For these kinds of institutions, James notes, “They seem most successful when there is transparency, solidarity, a strong sense of purpose. … It [shows] why we do our jobs and what we do to find meaning.”
“Life at the Center” has generated positive feedback from other scholars. As Linda Barnes, a professor at the Boston University School of Medicine, has stated, “One could read ‘Life at the Center’ multiple times and, with each reading, encounter new dimensions. Erica Caple James’s work is exceptional.”
What of the Haitian Multi-Service Center today? In 2006, it was moved and is now housed in Catholic Charities’ Yawkey Center, along with other entities. Some of the workers and community members, James notes in the book, consider the center to have died over the years, compared to its stand-alone self. Others simply consider it transformed.

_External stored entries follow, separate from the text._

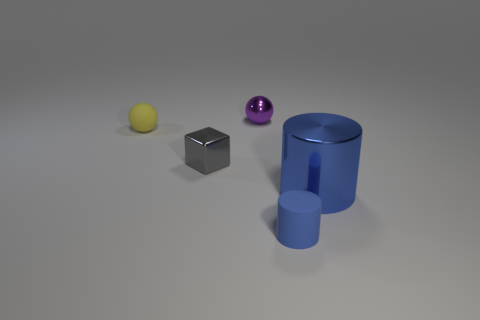There is a tiny rubber thing that is in front of the small gray thing; is its color the same as the big metallic cylinder?
Your answer should be very brief. Yes. There is a object that is both behind the small gray metal thing and to the right of the tiny block; what color is it?
Your answer should be compact. Purple. Are there any balls made of the same material as the small blue object?
Provide a succinct answer. Yes. What size is the yellow object?
Offer a very short reply. Small. What size is the shiny object that is behind the small thing on the left side of the gray thing?
Offer a terse response. Small. There is another blue thing that is the same shape as the large shiny object; what material is it?
Ensure brevity in your answer.  Rubber. What number of cyan shiny cylinders are there?
Provide a short and direct response. 0. What color is the thing that is right of the tiny rubber object that is to the right of the small matte thing behind the tiny gray metallic block?
Offer a terse response. Blue. Are there fewer tiny gray spheres than gray things?
Your response must be concise. Yes. There is a small matte object that is the same shape as the large object; what color is it?
Your answer should be very brief. Blue. 
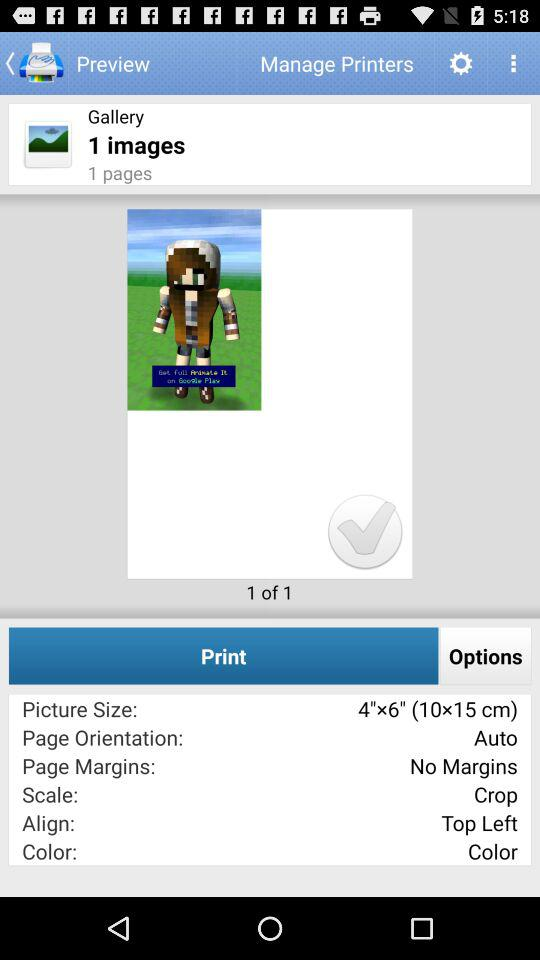What is the page margin? There are no margins. 
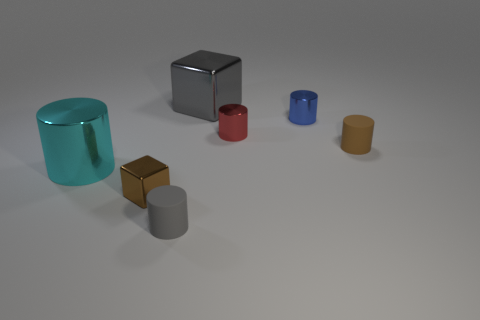There is a brown cylinder that is the same size as the red cylinder; what is its material?
Provide a succinct answer. Rubber. What number of things are either metal blocks that are on the left side of the gray shiny thing or large cyan rubber things?
Offer a terse response. 1. Are any small red things visible?
Give a very brief answer. Yes. There is a small brown object on the left side of the tiny brown matte cylinder; what is it made of?
Your answer should be very brief. Metal. There is a thing that is the same color as the big cube; what is it made of?
Keep it short and to the point. Rubber. How many big objects are blue metal things or matte blocks?
Your answer should be very brief. 0. The big cube has what color?
Offer a very short reply. Gray. There is a small gray cylinder that is in front of the tiny blue metal cylinder; is there a brown thing that is left of it?
Your answer should be compact. Yes. Are there fewer large gray blocks in front of the brown shiny thing than small green shiny blocks?
Your response must be concise. No. Are the tiny red object that is behind the tiny gray matte cylinder and the gray cylinder made of the same material?
Your answer should be compact. No.

Many have strong feelings, one way or another, about the place that helped orient them as they forged new lives.
As James writes, “It has been difficult to reconcile the intense emotions shared by many of the Center’s stakeholders — confusion, anger, disbelief, and frustration, still expressed with intensity even decades later — alongside reminiscences of love, joy, laughter, and care in rendering service to Haitians and others in need.”
As “Life at the Center” makes clear, that intensity stems from the shared mission many people had, of finding their way in a new and unfamiliar country, in the company of others. And as James writes, in concluding the book, “fulfillment of a mission is never solely about single acts of individuals, but rather the communal striving toward aiding, educating, empowering, and instilling hope in others.”